Whatever comes before the line containing "Keep it short" stays out; transcribe that line and all that follow to the end of the records exactly, with no pictures.

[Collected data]
____

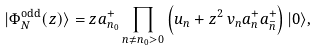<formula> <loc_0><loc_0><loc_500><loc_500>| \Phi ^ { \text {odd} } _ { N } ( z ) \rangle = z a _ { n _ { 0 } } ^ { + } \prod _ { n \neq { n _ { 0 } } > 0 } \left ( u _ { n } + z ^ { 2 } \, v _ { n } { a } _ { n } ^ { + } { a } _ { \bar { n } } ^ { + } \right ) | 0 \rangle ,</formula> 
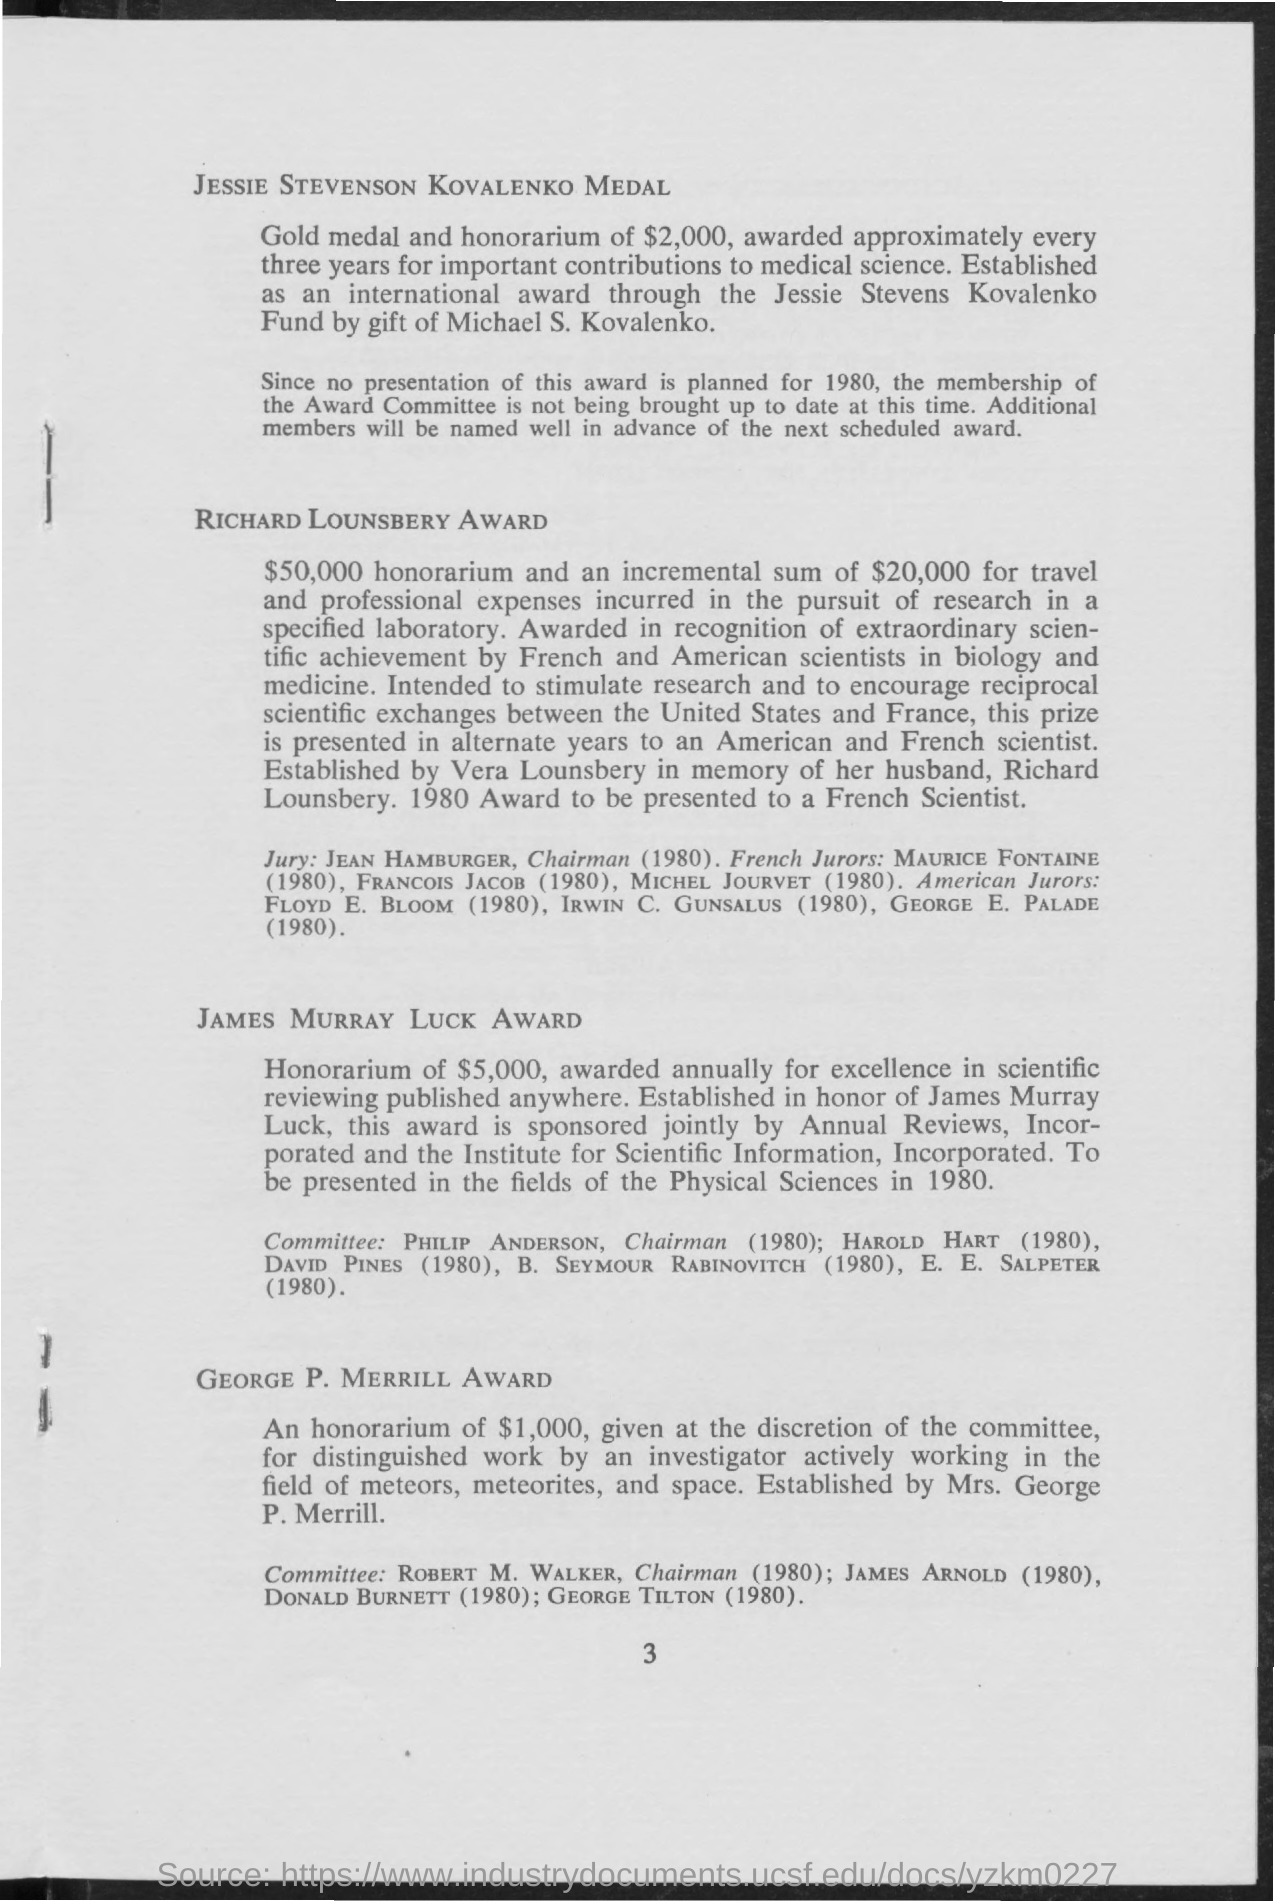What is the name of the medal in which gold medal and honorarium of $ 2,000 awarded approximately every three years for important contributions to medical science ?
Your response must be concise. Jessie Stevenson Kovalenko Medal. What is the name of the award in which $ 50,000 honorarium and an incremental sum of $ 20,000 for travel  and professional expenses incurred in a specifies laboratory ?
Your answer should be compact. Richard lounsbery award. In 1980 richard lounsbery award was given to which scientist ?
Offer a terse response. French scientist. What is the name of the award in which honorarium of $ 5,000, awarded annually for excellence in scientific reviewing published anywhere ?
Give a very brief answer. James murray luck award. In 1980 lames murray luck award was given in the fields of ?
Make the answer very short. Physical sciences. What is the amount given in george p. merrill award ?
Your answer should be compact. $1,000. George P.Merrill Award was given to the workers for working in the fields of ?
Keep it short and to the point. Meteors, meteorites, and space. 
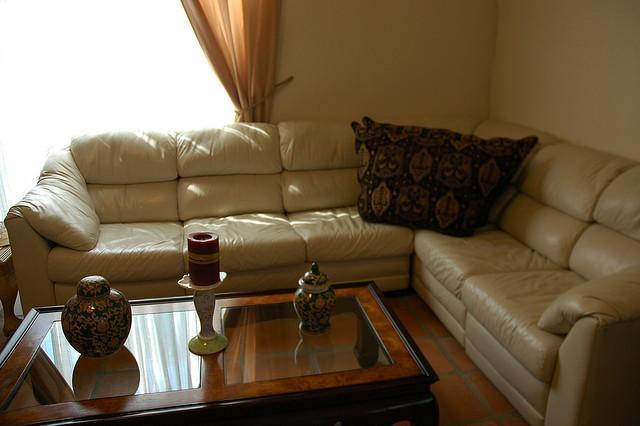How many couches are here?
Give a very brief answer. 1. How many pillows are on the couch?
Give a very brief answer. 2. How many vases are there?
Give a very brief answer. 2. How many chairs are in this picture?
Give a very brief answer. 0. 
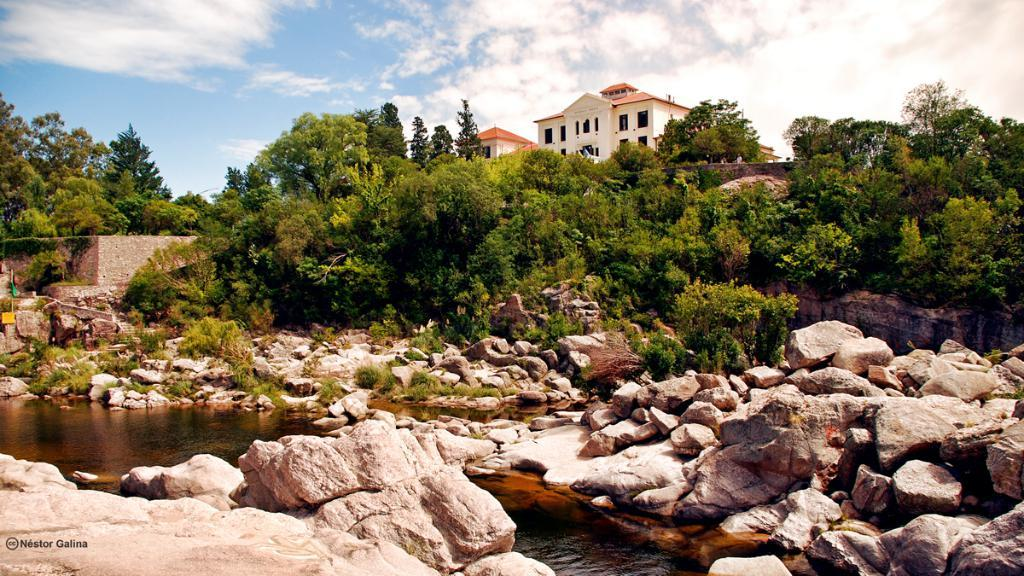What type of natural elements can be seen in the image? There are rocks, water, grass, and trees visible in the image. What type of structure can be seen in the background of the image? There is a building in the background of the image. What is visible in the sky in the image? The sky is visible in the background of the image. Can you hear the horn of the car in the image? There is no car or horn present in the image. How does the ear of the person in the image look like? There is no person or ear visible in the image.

____

▶ [Solution to the exercise]:
Keep it short and to the point. Meteors, meteorites, and space. 
How many couches are here?
Give a very brief answer. 1. How many pillows are on the couch?
Give a very brief answer. 2. How many vases are there?
Give a very brief answer. 2. How many chairs are in this picture?
Give a very brief answer. 0. 
What type of natural elements can be seen in the image? There are rocks, water, grass, and trees visible in the image. What type of structure can be seen in the background of the image? There is a building in the background of the image. What is visible in the sky in the image? The sky is visible in the background of the image. Can you hear the horn of the car in the image? There is no car or horn present in the image. How does the ear of the person in the image look like? There is no person or ear visible in the image.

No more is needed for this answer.